Şimdi, 2'nci maddeyi üç yıl sözleşmeli olarak çalışanlara getiriyorsunuz. Yani diğerlerinde üç yıl çalışma zorunluluğu yok, burada başka bir uygulama var. Memur kadrolarına geçenlere en az bir yıl süreyle nakil hakkı ve yer değiştirme hakkı verilmiyor. Yani imam-hatip ve vekil müezzin-kayyımlara dört yıl verilmiyor, bunlara en az bir yıl. Üç yılı dolduran sözleşmelinin geçebileceği memur kadrosu olmaması hâlinde Cumhurbaşkanına da kadro verme yetkisi veriyorsunuz. Bu şekilde kadroya alınanlar üç yıl boyunca orada kalıyor. Aslında bir sonraki, üçüncü maddede de işte 4/B'li sözleşmeli personele, diğer kamu kurumlarında çalıştırılan sözleşmeli personel, işte A, B, C, D bir sürü kurumun tanımlanması var. Özellikle belediyelerde, aile sağlık merkezlerinde, sulama birliklerinde çalıştırılan sözleşmeli personeller, memur kadrolarına geçiriliyor. Burada da birtakım ayrımlar var; işte, belediye çalışanları, belediyede memuriyete geçirilenler sadece mahalli idarelere nakil yapılabilir, diğerlerine nakil yapılamaz. Burada belediyelerden geçişlerde en az üç yıl veya daha fazla süreli veya daha az süreli bir zorunluluk yok, şart yok. Ya, o kadar karmaşık, o kadar işte süreler, şeyler... Yani bu iş bu kadar zor, bu kadar karmaşık olmadan yapılamaz mıydı? Onu özellikle belirtmek istiyorum. Dolayısıyla burada eşitliğe aykırı, Anayasa'nın eşitlik ilkesine aykırı birçok hüküm var. Sonuçta hepsi memur kadrosuna, hepsi 657 sayılı Devlet Memurları Kanunu'na tabi statüde devlet memuru olacaklar ama gelişlerinde uygulamada çok farklı şartlar ortaya koyuyorsunuz. Hâlbuki 657'nin devlet memuru olma şartları da bellidir. Bunun dışında çok fazla, böyle karmaşık yapacak şeylere de çok fazla gerek yok diye düşünüyorum.

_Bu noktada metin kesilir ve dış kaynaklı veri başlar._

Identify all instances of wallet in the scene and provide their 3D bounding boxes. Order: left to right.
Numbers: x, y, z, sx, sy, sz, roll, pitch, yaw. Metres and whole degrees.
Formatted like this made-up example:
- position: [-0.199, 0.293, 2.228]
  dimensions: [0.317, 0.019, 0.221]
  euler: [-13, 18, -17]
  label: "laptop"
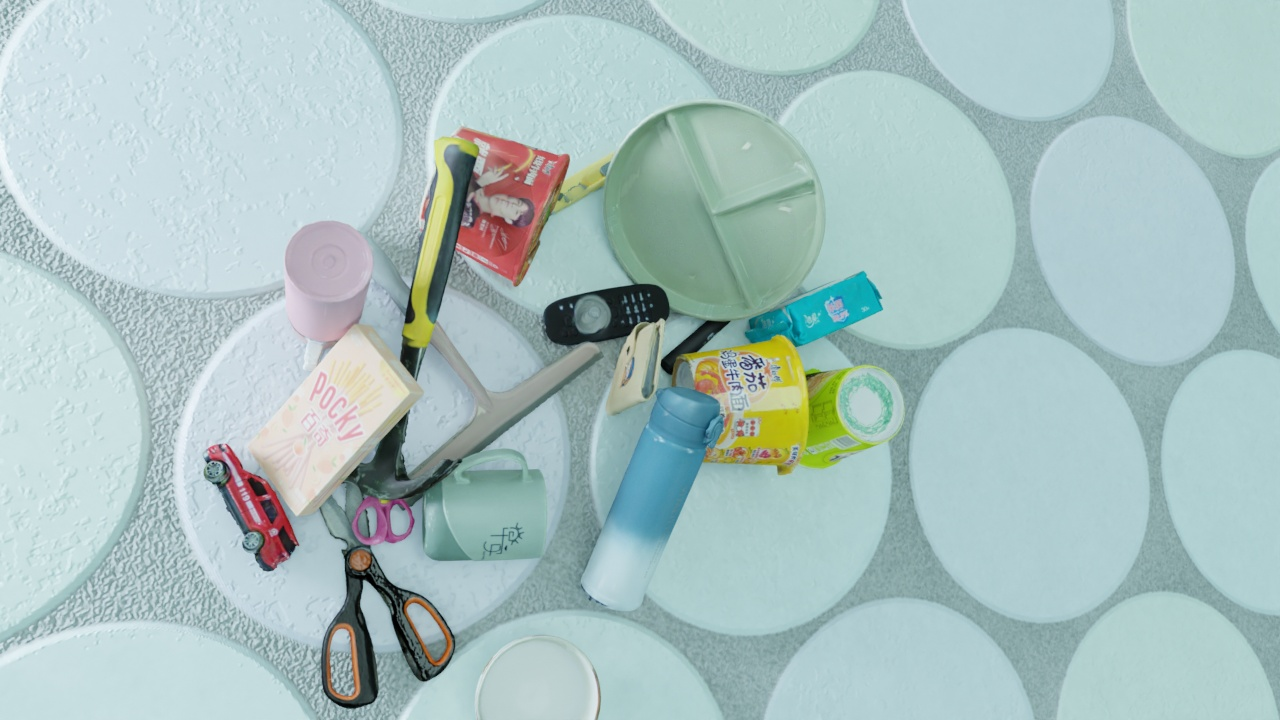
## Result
- position: [-0.005, 0.005, 0.904]
  dimensions: [0.024, 0.115, 0.087]
  euler: [17, 75, -13]
  label: "wallet"

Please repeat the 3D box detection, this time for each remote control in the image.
- position: [-0.036, -0.047, 0.953]
  dimensions: [0.136, 0.024, 0.053]
  euler: [-12, 91, -17]
  label: "remote control"

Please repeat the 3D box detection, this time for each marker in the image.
- position: [0.071, -0.033, 0.991]
  dimensions: [0.022, 0.020, 0.131]
  euler: [44, 68, 11]
  label: "marker"

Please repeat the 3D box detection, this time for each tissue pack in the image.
- position: [0.186, -0.050, 0.994]
  dimensions: [0.133, 0.093, 0.050]
  euler: [-23, 92, -22]
  label: "tissue pack"

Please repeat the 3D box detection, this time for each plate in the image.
- position: [0.073, -0.149, 0.926]
  dimensions: [0.230, 0.231, 0.027]
  euler: [46, 32, -6]
  label: "plate"

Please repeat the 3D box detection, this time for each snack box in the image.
- position: [-0.266, 0.052, 0.797]
  dimensions: [0.157, 0.026, 0.084]
  euler: [-46, 73, 12]
  label: "snack box"

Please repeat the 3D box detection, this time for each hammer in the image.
- position: [-0.191, -0.035, 0.807]
  dimensions: [0.126, 0.032, 0.323]
  euler: [14, 91, 19]
  label: "hammer"

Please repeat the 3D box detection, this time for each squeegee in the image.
- position: [-0.203, -0.030, 0.879]
  dimensions: [0.247, 0.040, 0.249]
  euler: [-39, 90, -15]
  label: "squeegee"

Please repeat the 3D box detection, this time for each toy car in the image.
- position: [-0.340, 0.125, 0.800]
  dimensions: [0.045, 0.053, 0.120]
  euler: [-31, 93, -24]
  label: "toy car"

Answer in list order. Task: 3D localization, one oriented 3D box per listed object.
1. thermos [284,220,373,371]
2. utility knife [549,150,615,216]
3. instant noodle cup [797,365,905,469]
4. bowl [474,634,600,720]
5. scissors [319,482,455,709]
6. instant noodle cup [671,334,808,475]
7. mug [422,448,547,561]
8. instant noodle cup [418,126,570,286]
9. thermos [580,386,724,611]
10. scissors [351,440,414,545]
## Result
- position: [-0.270, -0.047, 0.778]
  dimensions: [0.067, 0.199, 0.087]
  euler: [15, 73, -18]
  label: "thermos"
- position: [-0.048, -0.195, 0.986]
  dimensions: [0.166, 0.018, 0.031]
  euler: [-35, 86, -17]
  label: "utility knife"
- position: [0.212, 0.054, 0.966]
  dimensions: [0.111, 0.124, 0.111]
  euler: [4, 78, -18]
  label: "instant noodle cup"
- position: [-0.099, 0.309, 0.842]
  dimensions: [0.113, 0.062, 0.113]
  euler: [4, 77, -19]
  label: "bowl"
- position: [-0.241, 0.198, 0.841]
  dimensions: [0.189, 0.022, 0.229]
  euler: [16, 69, -21]
  label: "scissors"
- position: [0.095, 0.045, 0.927]
  dimensions: [0.109, 0.138, 0.138]
  euler: [-3, 81, -12]
  label: "instant noodle cup"
- position: [-0.143, 0.130, 0.839]
  dimensions: [0.106, 0.082, 0.112]
  euler: [2, 118, -16]
  label: "mug"
- position: [-0.142, -0.154, 0.882]
  dimensions: [0.108, 0.138, 0.137]
  euler: [23, 73, -5]
  label: "instant noodle cup"
- position: [0.011, 0.128, 0.857]
  dimensions: [0.070, 0.070, 0.221]
  euler: [18, 106, -15]
  label: "thermos"
- position: [-0.236, 0.102, 0.845]
  dimensions: [0.056, 0.017, 0.133]
  euler: [0, 79, -17]
  label: "scissors"

Bir başka konu, az önce ben söyledim, gerçi bu yine gündeme gelebilir ama... Şimdi bizim Türkiye Büyük Millet Meclisinde, idari teşkilat kadrolarında görevli personelimiz var. Bunların tamamı 24 Aralık 2017 tarihinde 696 sayılı KHK'de yer alan hükümle 4/C statüsünde geçici personel pozisyonundan "4/B sözleşmeli personel" olarak geçişleri yapıldı ve geçmiş hizmet sürelerinin kademe ve derecelerine yansıması noktasında hâlâ sorun yaşıyorlar bu arkadaşlarımız. Bu yaşadıkları sorun da şu: 657'nin 36'ncı maddesinin (c) bendindeki hükümlerinden kaynaklanıyor, Kanun'un bu maddesine göre, eğer çalışılan unvan teknik, sağlık, eğitim ve avukatlık hizmet sınıfına giriyorsa çalışılan süreler kademe ve dereceye yansımakta; eğer çalışılan unvan genel idari hizmetler veya yardımcı hizmetler sınıfına giriyorsa geçici personel olarak yaptıkları görev esnasında çalıştıkları süreler kademe ve dereceye yansımıyor. Bu nedenle kadroya geçtiklerinde de unvanına bağlı olarak bir kısım personelin geçmiş hizmet sürelerinin derece ve kademeye yansıması söz konusu olacakken bir kısmının da özellikle teknik kadroda değil de genel idari hizmetlerde ve yardımcı hizmetler sınıfında çalışanların, 4/C'ye geçmiş hizmetin, kademe ve dereceye yansımadığı gibi haksız bir durum ortaya çıkıyor; buna da dikkatinizi çekmek istedim.

Diğer maddelerde gene düşüncelerimizi ifade edeceğiz.

Teşekkür ediyorum. Sayın Başkan, sağ olun.